The dispute involved a deregistered Stockholm pizza business and a worker identified as SH. The court accepted that SH had been employed full time on a permanent contract from March 2023, with a monthly salary of SEK 24,000, and that the company ended his employment on 1 February 2024. The decisive question was whether the usual employment-protection rules governed that ending.
Evidence from an email exchange with the Swedish Migration Agency established, according to the judgment, that the worker did not hold a Swedish work permit. He was an Afghan citizen who said he had permanent residence in Greece. The court rejected the argument that leaving Sweden every three months and returning created a right to work: the rules allowing a limited stay did not provide an exemption from the separate work-permit requirement.

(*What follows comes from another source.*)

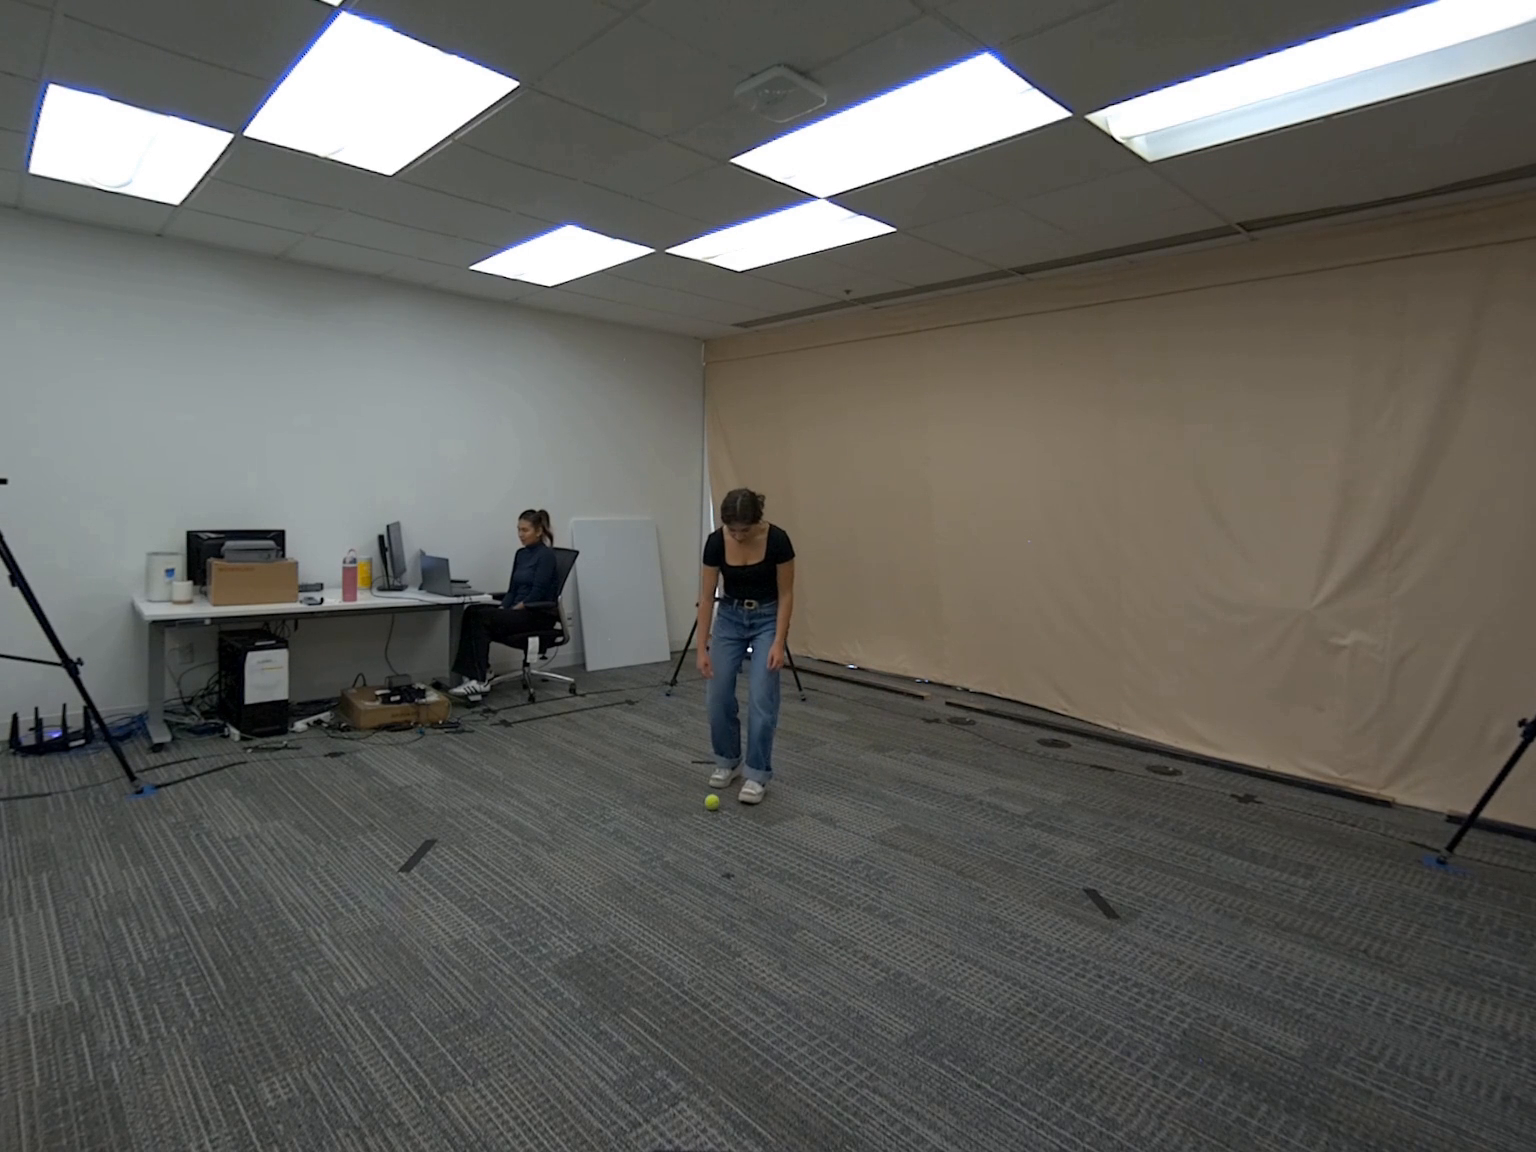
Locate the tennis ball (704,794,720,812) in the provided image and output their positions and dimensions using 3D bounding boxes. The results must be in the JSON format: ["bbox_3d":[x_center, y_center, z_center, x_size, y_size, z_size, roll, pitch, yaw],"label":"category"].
[{"bbox_3d":[-0.265,0.999,3.764,0.066,0.066,0.067,1,4,-1],"label":"tennis ball"}]

The ruling says an employment that violates the statutory work-permit requirement can be ended without following Sweden's Employment Protection Act.

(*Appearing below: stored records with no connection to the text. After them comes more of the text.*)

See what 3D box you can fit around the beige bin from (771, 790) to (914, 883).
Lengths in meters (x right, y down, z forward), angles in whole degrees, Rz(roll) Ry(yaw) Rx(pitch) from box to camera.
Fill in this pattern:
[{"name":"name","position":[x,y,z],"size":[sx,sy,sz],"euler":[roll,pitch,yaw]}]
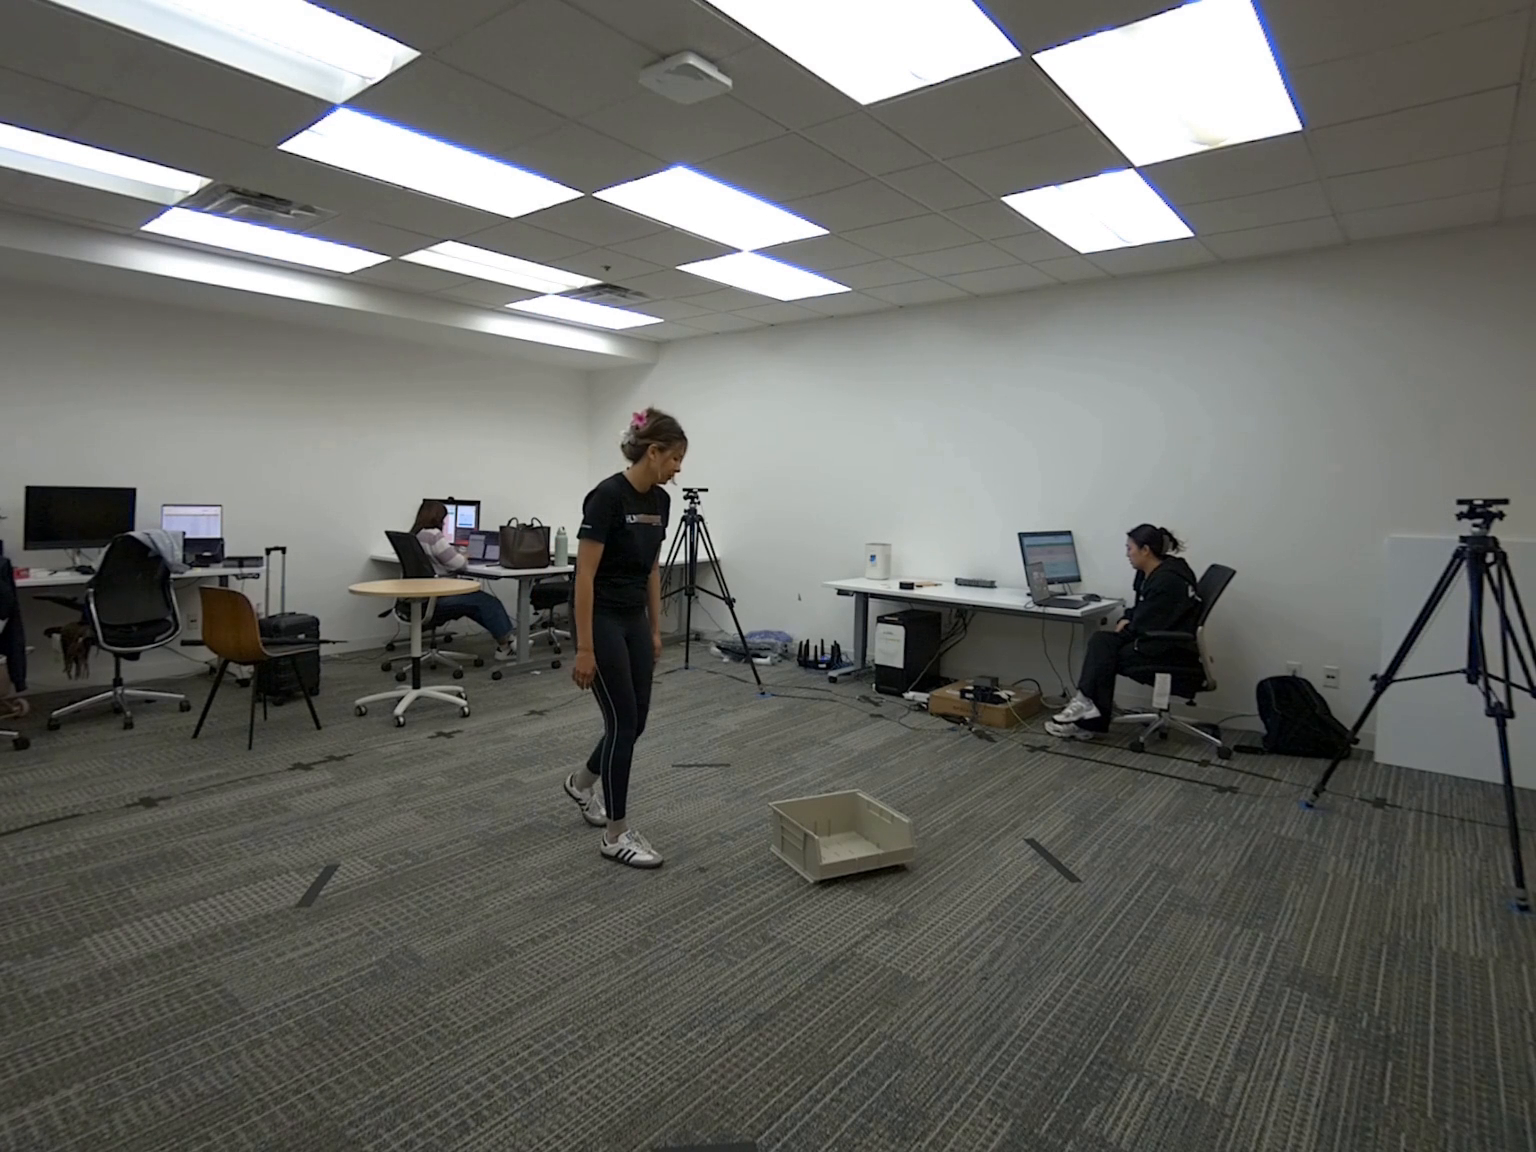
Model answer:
[{"name":"beige bin","position":[0.270,0.984,3.217],"size":[0.412,0.188,0.388],"euler":[-2,5,-27]}]

The court said the employment was consequently contrary to law. It referred to the Aliens Act's sanctions: an employer can face a special charge and its representatives can risk criminal liability for employing a person who lacks the required permit; the worker can also risk liability. Once the company learned that the permit was missing, the court said it should have ended the employment immediately without using the Employment Protection Act procedure.
Work & labour essentials
That conclusion reversed the relevant part of the district court's outcome. The Labour Court found that the company had not breached the Employment Protection Act and was not liable for damages under that act. The judgment's published summary states the rule in narrow terms: it concerns an employee who actually lacks a prescribed permit, making the employment itself unlawful.
The decision does not say that every uncertainty, delayed application or immigration issue removes employment protection. Its reasoning depended on the court finding that a permit was required, no valid exemption applied and the worker did not have that permit. Case number B 75/25 is final in the Labour Court system and provides employers and workers with a new, citable application of the rule.